Di samping itu, dengan membaca kisah semacam ini, kita jadi tahu bahwa mungkin-mungkin saja praktik keagamaan dilaksanakan dalam level idealnya, seperti Sayyidina Tsauban yang terkenal dengan al-wafiyyu (orang yang memenuhi janji). Gelar al-wafiyyu didapatkan olehnya karena keteguhan dan keistiqamahannya memegang janji. Sejak mengatakan, “Aku (mau), wahai Rasulullah”, Tsauban tidak pernah sekalipun meminta sesuatu kepada orang lain, baik itu harta benda ataupun pertolongan.
 

Ia memilih mengambil sendiri cambuknya yang jatuh meski sedang mengendarai unta, padahal banyak orang yang bisa dimintai tolong olehnya.
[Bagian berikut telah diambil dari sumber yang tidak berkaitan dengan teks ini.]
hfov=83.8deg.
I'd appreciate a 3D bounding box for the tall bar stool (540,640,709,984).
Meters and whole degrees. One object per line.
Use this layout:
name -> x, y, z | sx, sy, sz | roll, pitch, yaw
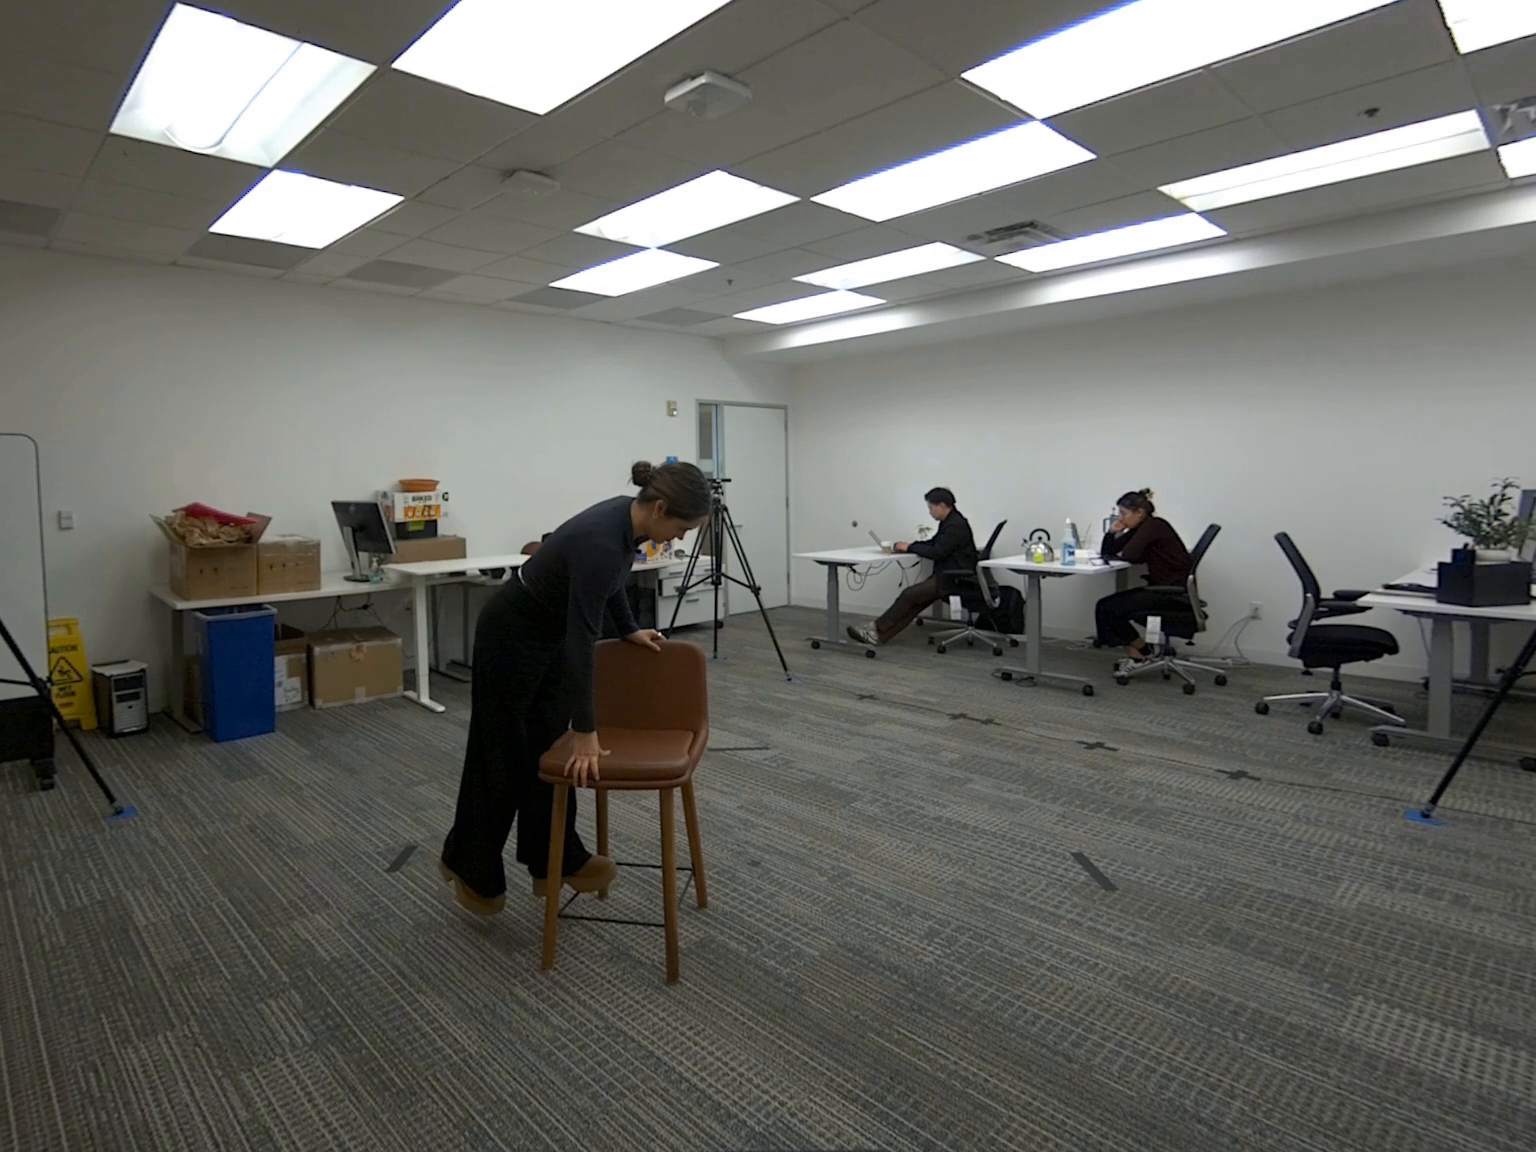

Dalam riwayat lain dikatakan (jalur Sulaiman bin Ahmad), bahwa Rasulullah berkata:
 

مَنْ يَتَكَفَّلُ لِي أَنْ لَا يَسْأَلَ النَّاسَ وَأَتَكَفَّلُ لَهُ بِالْجَنَّةِ؟ فَقَالَ ثَوْبَانُ: أَنَا، فَكَانَ ثَوْبَانُ لَا يَسْأَلُ أَحَدًا شَيْئًا
 

Artinya, “Siapa yang (mau) menjamin kepadaku bahwa ia tidak akan meminta kepada manusia, dan aku akan menjaminnya masuk surga?” Tsauban menjawab: “Aku (mau, wahai Rasulullah).” Kemudian, (setelah itu) Tsauban tidak pernah meminta sesuatu pun kepada siapa pun.” (Al-Ashbahani, Hilyatul Auliyā’, juz I, halaman 181). 
 

Sejak saat itu Sayyidina Tsauban tidak pernah meminta bantuan selain kepada Allah. Ia memegang teguh janjinya kepada Rasulullah, bahkan di keadaan paling ringan dan normal sekalipun seperti ketika cambuknya terjatuh. Suatu keadaan yang wajar jika ada orang yang mengambilkannya, tapi ia menolak dan mengambilnya sendiri karena memegang teguh janjinya kepada Rasulullah shallallahu ‘alaihi wasallam
 

Semoga kisah di atas memberikan wawasan dan pelajaran baru kepada kita, dan kita bisa mengambil iktibar darinya. Rabbi zidni ‘ilma warzuqni fahma. Amin.

 


Ustadz Muhammad Afiq Zahara, alumni Pondok Pesantren Darussa’adah, Bulus, Petanahan, Kebumen.